The Supreme Court Thursday reminded the Arvind Kejriwal government that there were limitations to its powers under the Constitution, but added that in matters where the Lieutenant Governor (L-G) had differences with it, he could not sit on files. Instead, he was required to forward them to the President within a “reasonable time”, the court said.
“In urgent matters, it is the L-G who is given primacy… The executive power of the government of Delhi was not exclusive to the executive power of the Centre,” a five-judge Constitution bench, headed by Chief Justice of India Dipak Misra, observed while hearing the AAP government’s plea challenging a Delhi High Court order confirming the L-G as the administrative head of the National Capital Territory (NCT).
Appearing for the state government, Senior Counsel Gopal Subramanium contended that its day-to-day working was being hindered as civil servants feel they don’t have to report to the ministers but only to the L-G. “The L-G feels he has inherent power to veto. As a result, the aid and advice of the Council of Ministers is neutralised… Even civil servants do not recognise the ministers as heads of departments. As a result no decision can be taken,” he told the bench, which also included Justice A K Sikri, Justice A M Khanwilkar, Justice D Y Chandrachud and Justice Ashok Bhushan.
Subramanium also sought to know if this “is contemplated under Article 239AA”. “In the absence of a law, who has the power — you or the L-G?” asked the CJI, adding “the language of the Constitution says L-G’s decision is final”. Subaramanium replied that the provisions must be interpreted in a way that it serves the object. “Public order in Delhi, police or land cannot be subject of executive power of government of Delhi”, pointed out Justice Chandrachud.
The counsel added that even the decisions on extending welfare measures were stuck because of the L-G’s stance and wondered “how can a government function”. A “constructive interpretation will not defeat the purposes of 239AA,” he added.
Justice Chandrachud wondered if some restrictions can be read into the proviso dealing with the powers of the L-G or whether it can be restricted to some cases. He added that even when there were differences between the L-G and state government, “the L-G cannot be sitting on a file. He is under Constitutional obligation to refer it to President, which means he has to send that in a reasonable time”. The court added that he must also record his differences in writing.
Justice Chandrachud pointed out that under Article 239 (1), it was the President who appoints the administrator for Delhi and this administrator was designated as L-G, “which means the administration of Delhi is by the President in the name of the administrator”. He added that “the substantive power to appoint the administrator is under Article 239 (which deals with the administration of Union Territories and President’s power in this regard) and not under Article 239AA.”
Subramanium contended that “though the genesis of appointment is in 239, the measure is in 239AA”. He sought to stress that the object of 239AA would not have been to create dual governments. “Can you contemplate two governments,” he asked. Justice Bhushan countered this saying the L-G was entitled to have his views. “He can differ and have his own view,” the judge said. “That cannot be to stultify functioning of democratically elected government,” argued Subramanium, adding that a harmonious interpretation was needed. “Whatever power you have, it has to flow from 239AA,” said the CJI.
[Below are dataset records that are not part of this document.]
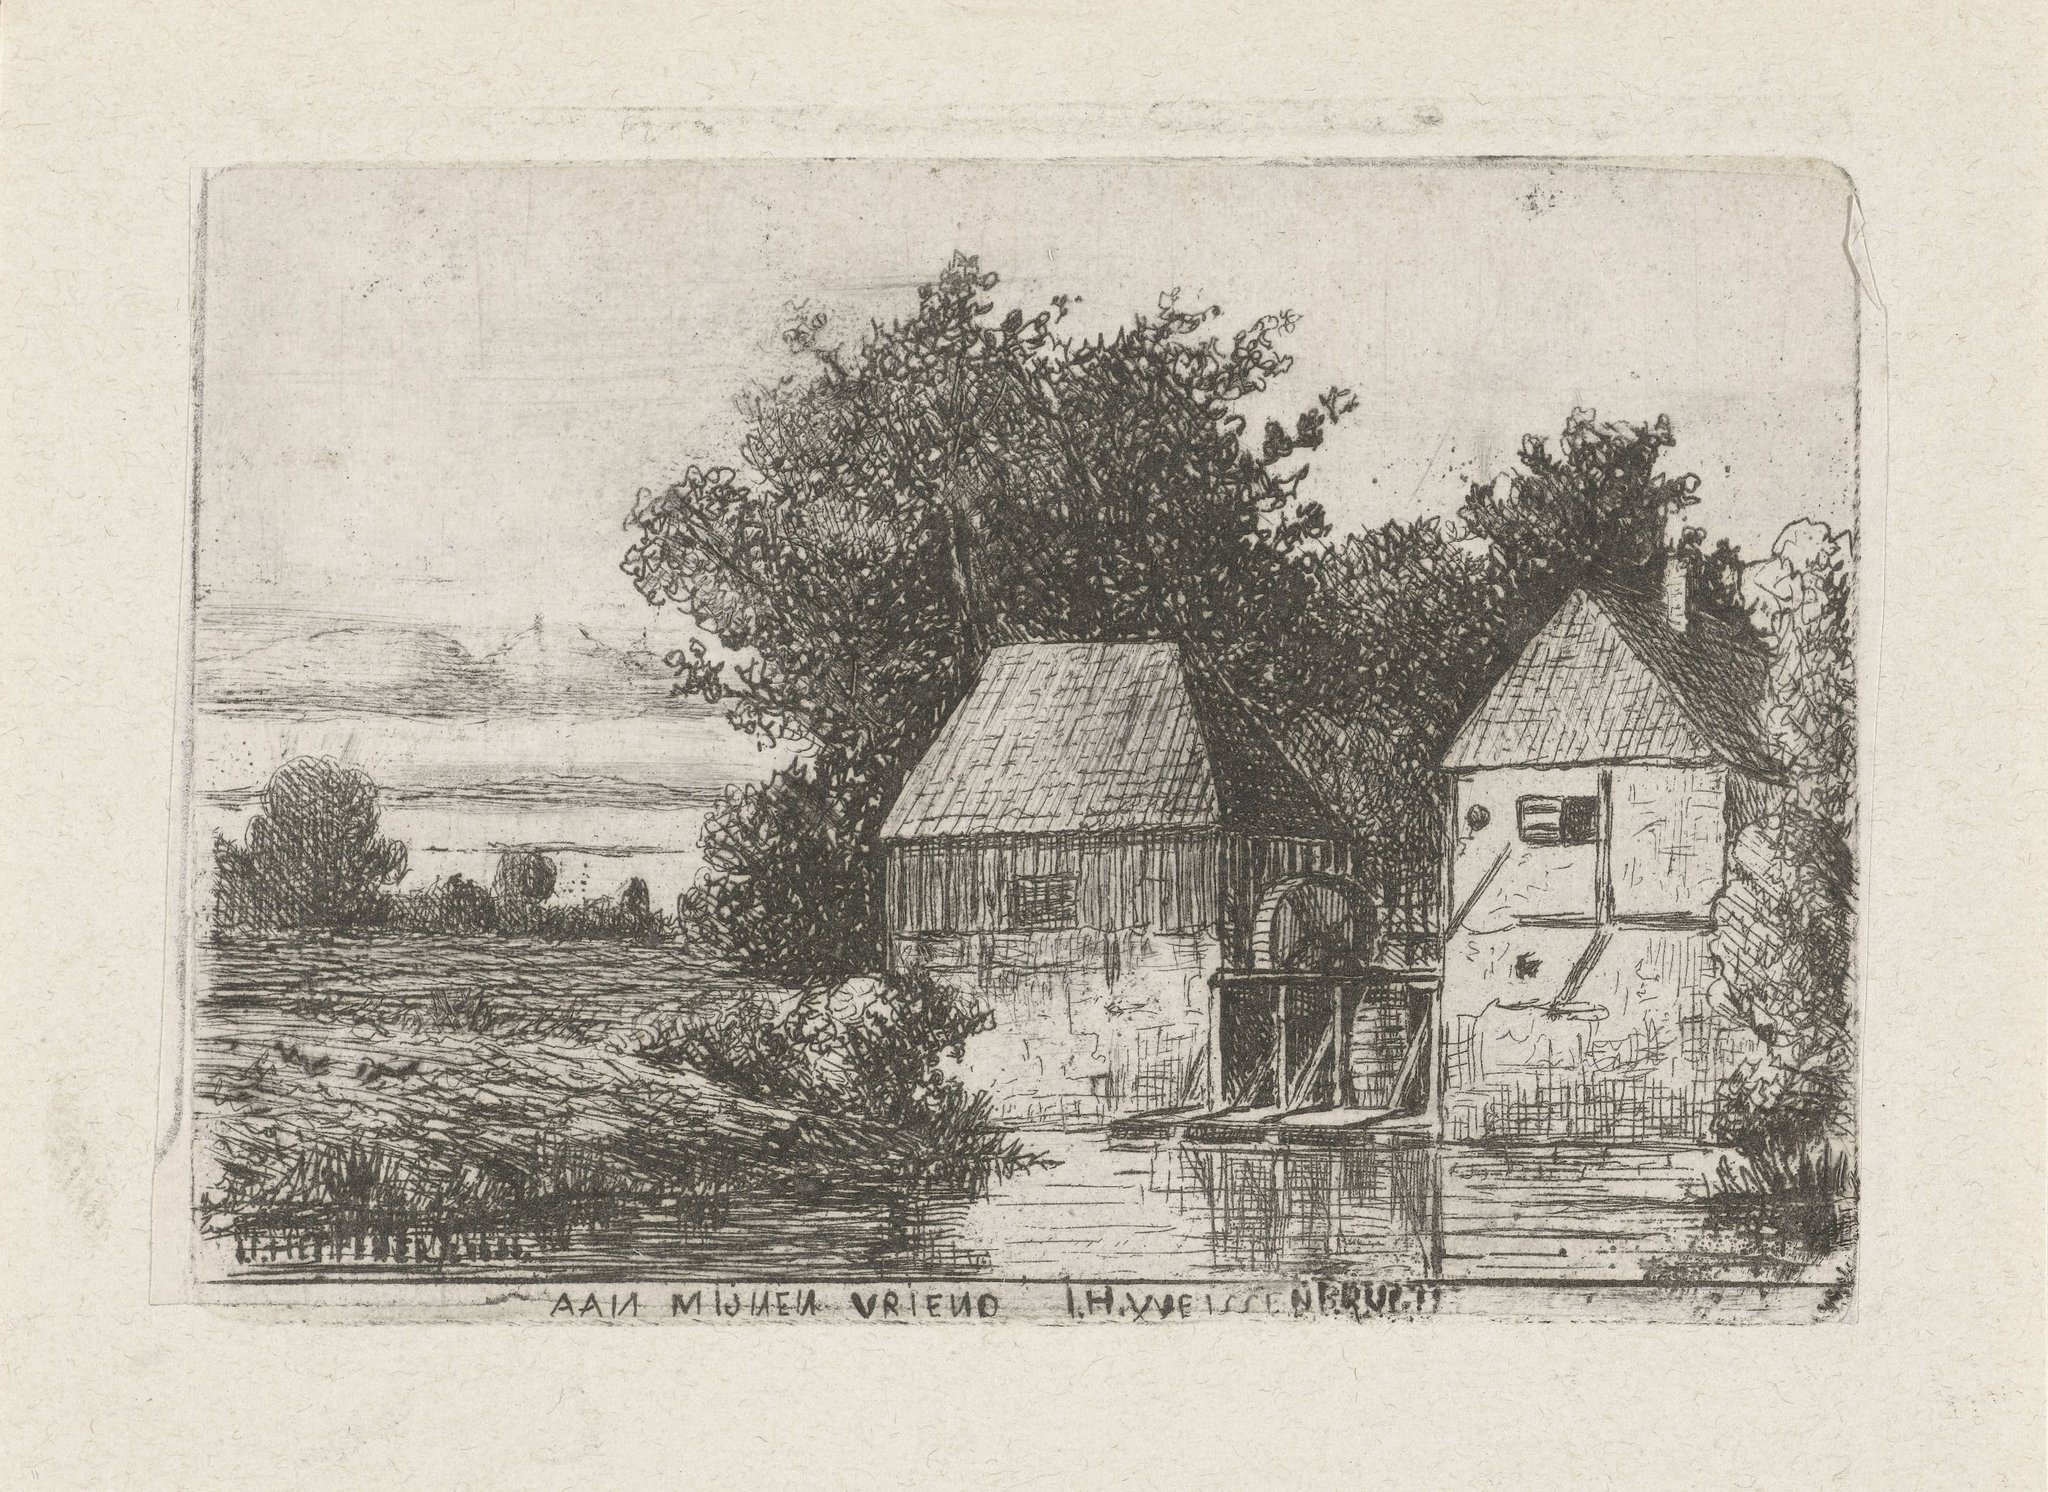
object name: print
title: Landschap met watermolen
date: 1841-1898
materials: paper
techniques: drypoint, etching
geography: the hague
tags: watermill in landscape
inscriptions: collector's mark: Lugt 2228
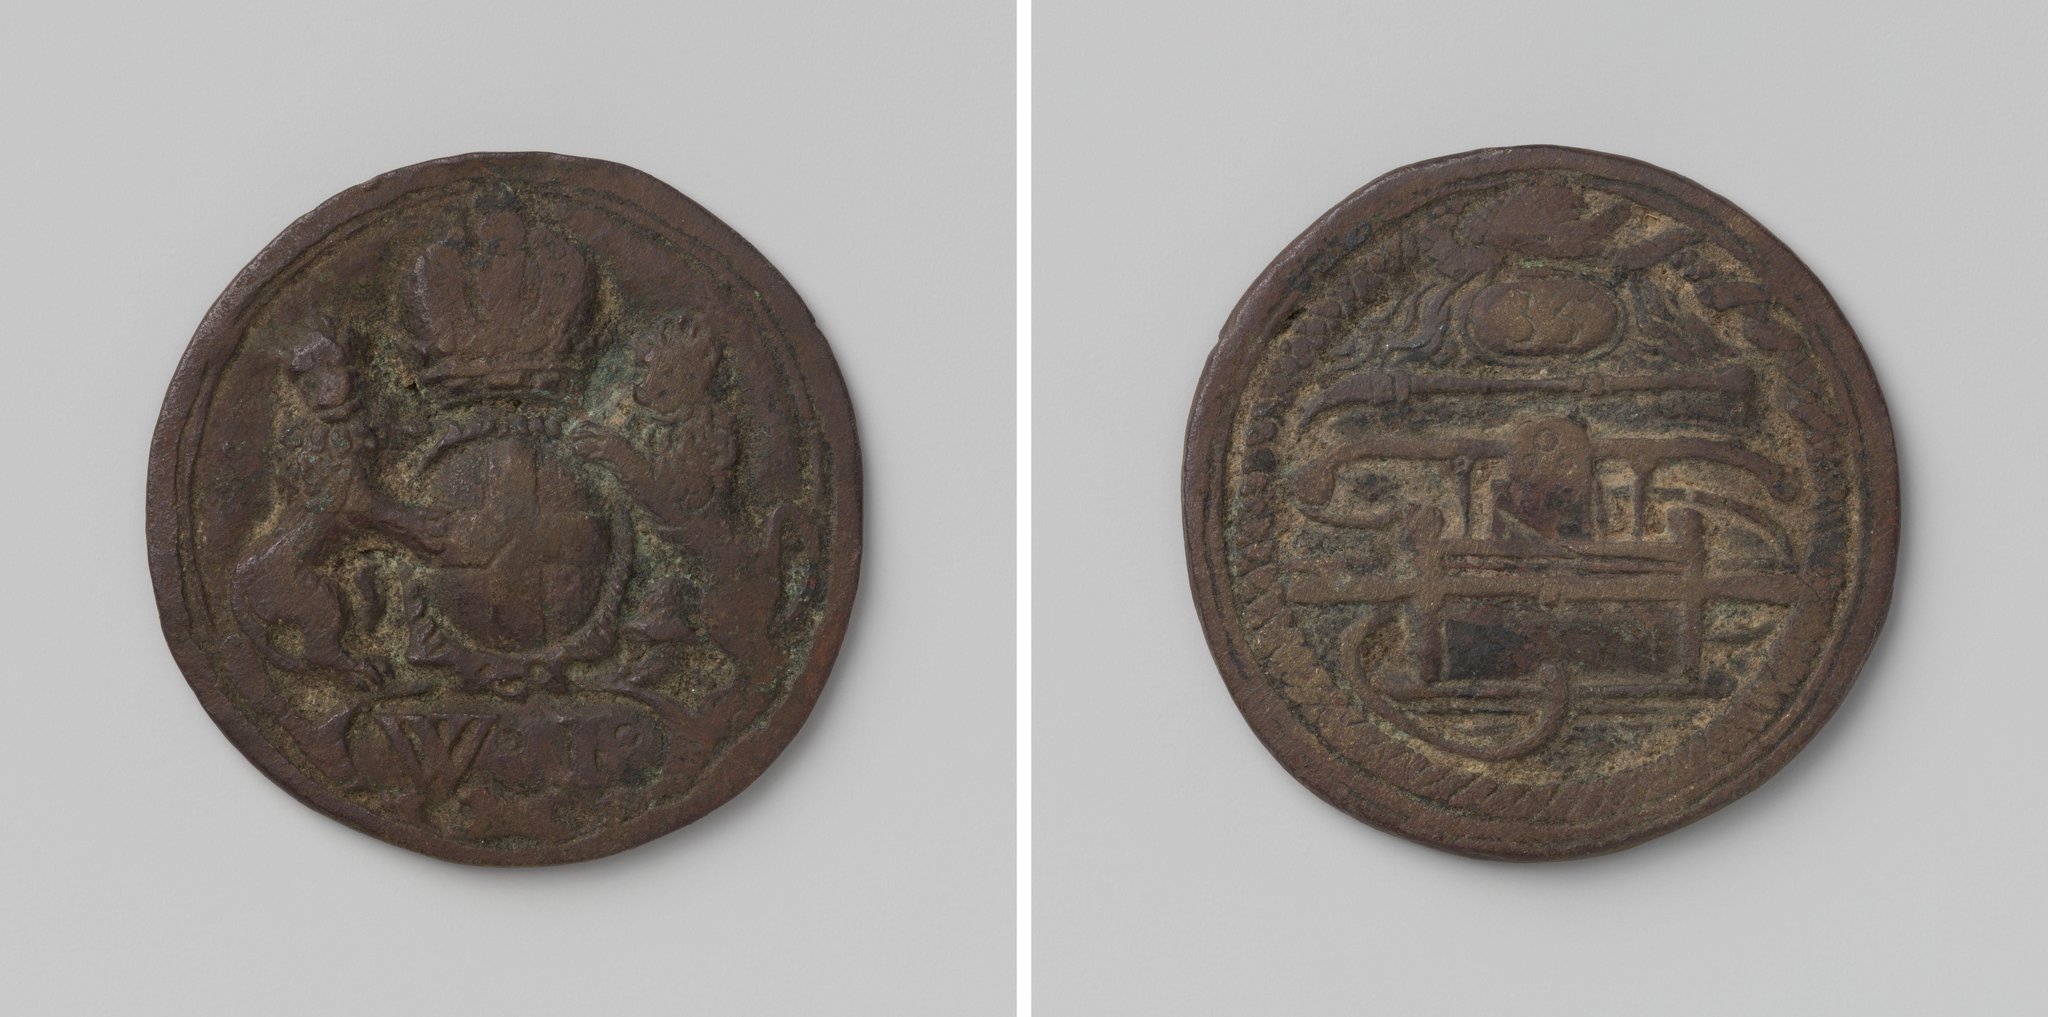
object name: medal
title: Zwolle, brandspuitpenning van wijk 1 met no. 35
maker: Anonymous
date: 1680-1800
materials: brass
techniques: casting, engraving
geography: zwolle
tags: zwolle
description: Messing penning. Voorzijde: gekroond wapenschild, geflankeerd door twee leeuwen boven cartouche met opschrift W.1. Keerzijde: brandspuit onder cartouche met cijfer 35 binnen slangerond
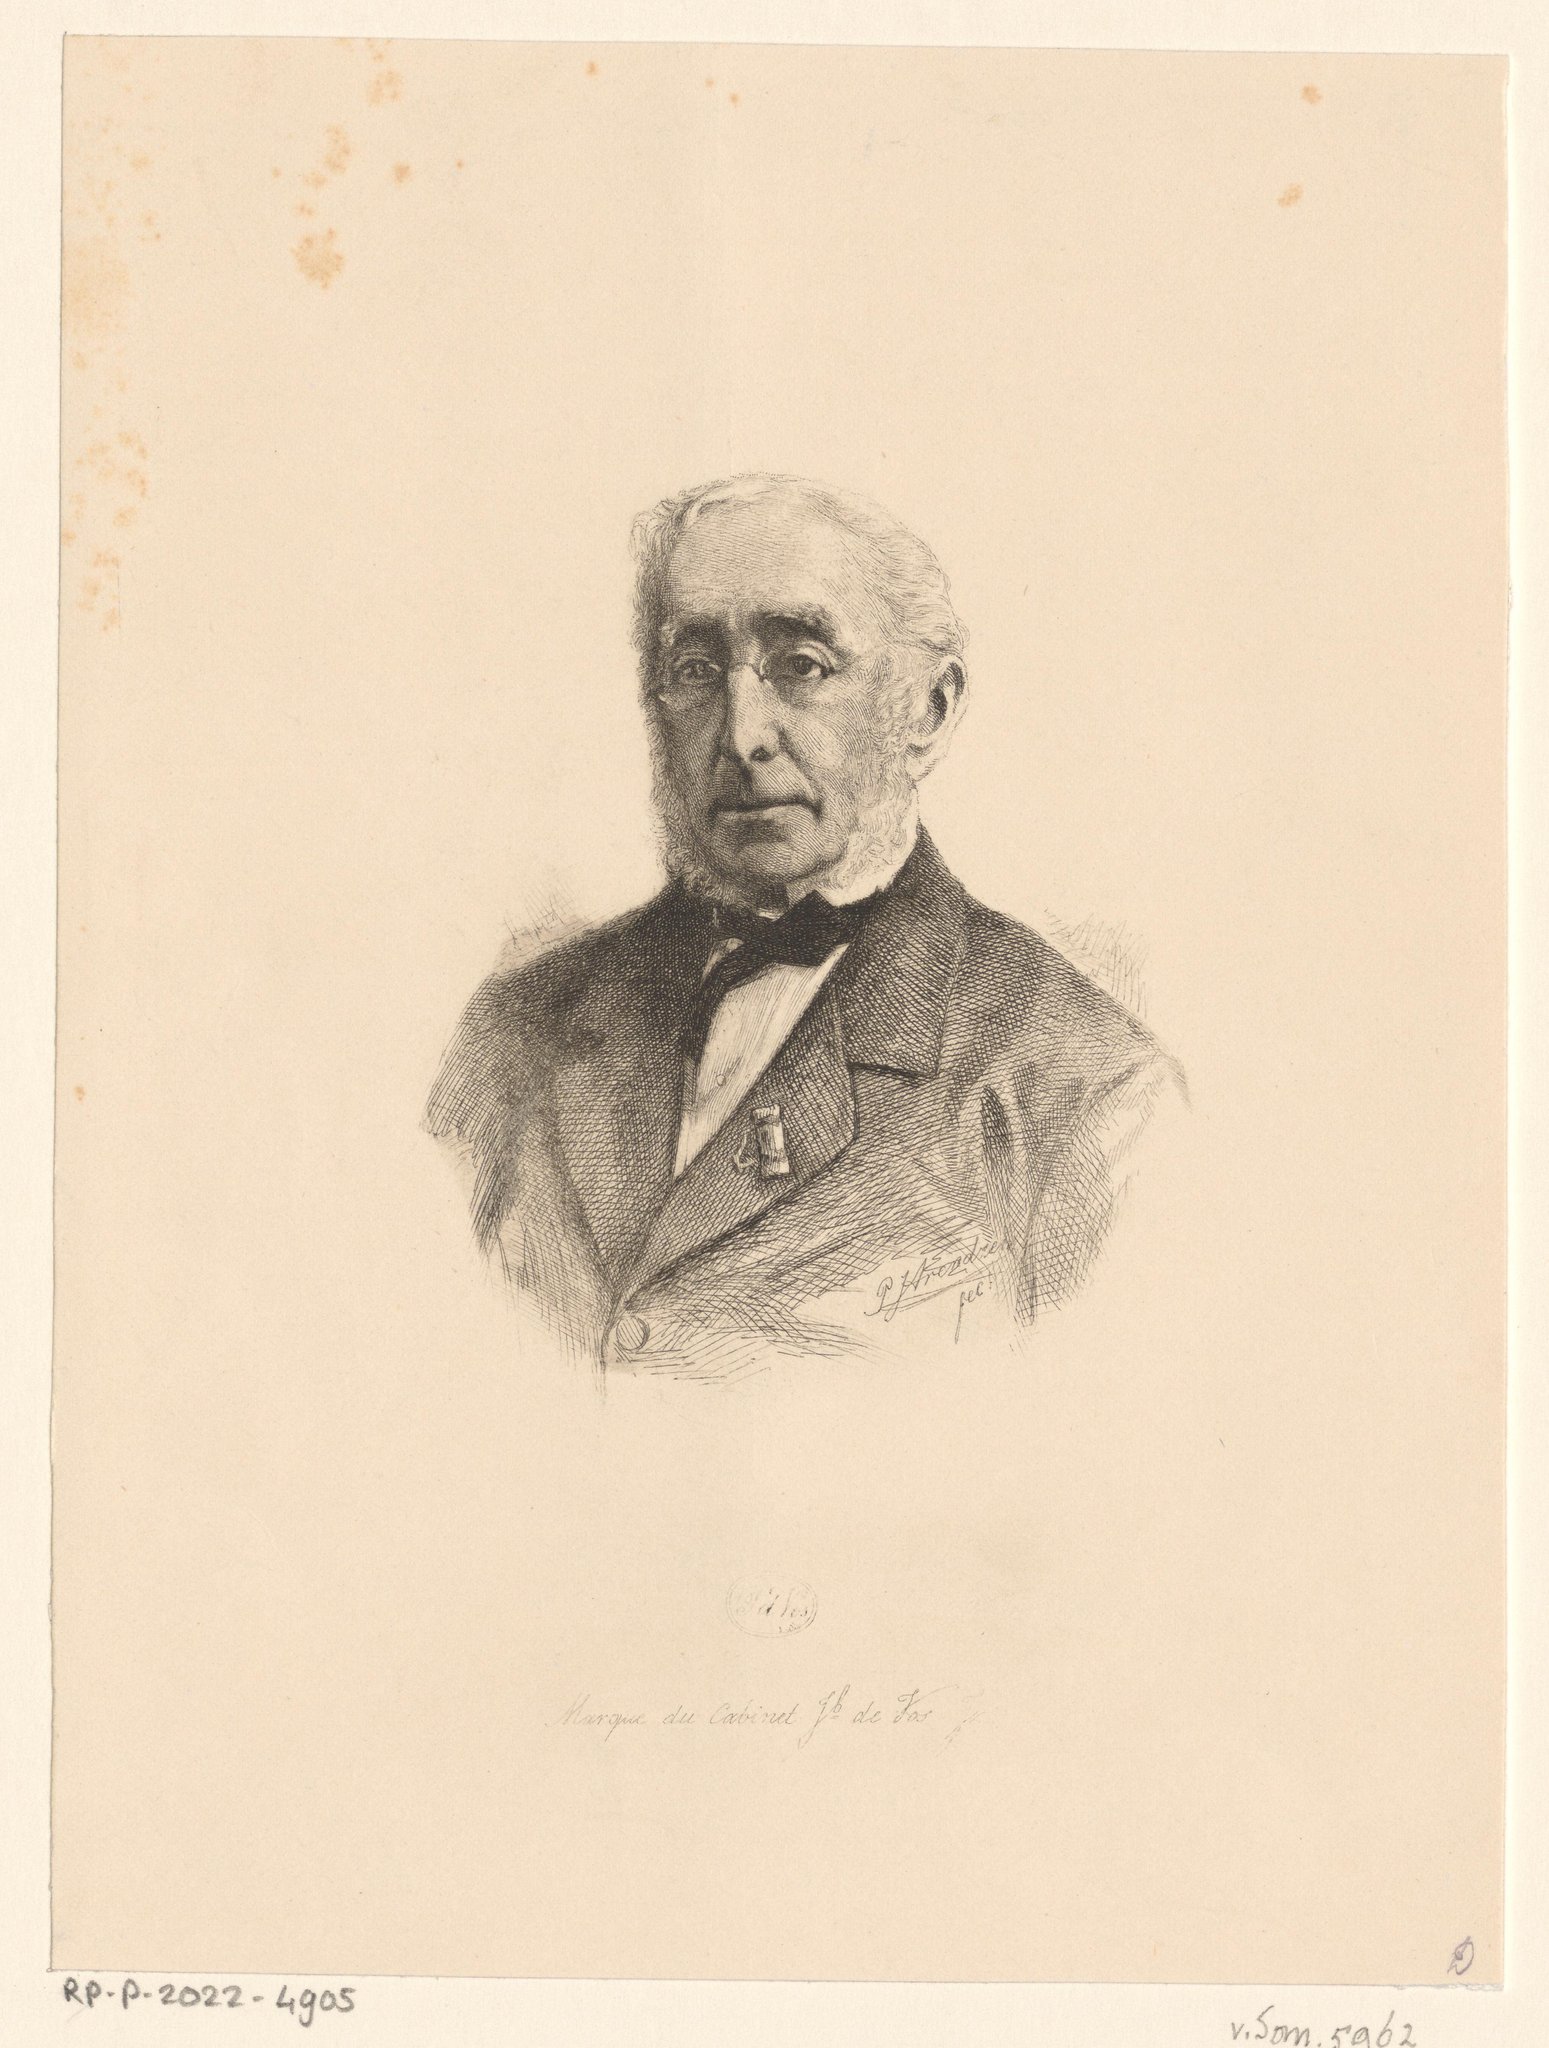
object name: print
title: Portret van Jacob Jacobsz. de Vos.
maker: petrus johannes arendzen
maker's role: draughtsman, print maker
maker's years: 1846-1932
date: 1856-1878
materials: paper
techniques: etching
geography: netherlands
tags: amsterdam, haarlem, jacob jacobsz. de vos (1803-1878), historical persons, art collector
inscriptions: collector's mark: Lugt 1450

The counsel replied, “Can it extend to anything I do in respect of governance under the Constitution…Can full concurrence be insisted upon?”
Justice Chandrachud added that “Article 239AA(4) (which speaks about a Council of Ministers to aid and advise the L-G) may be a recognition of Article 73, which says that the executive powers of the Union extends to all matters in respect to which the Parliament can make law”. The CJI added that “when the Constitution-makers included these provisions in the document, they probably had in mind the question of Constitutional collegiality”.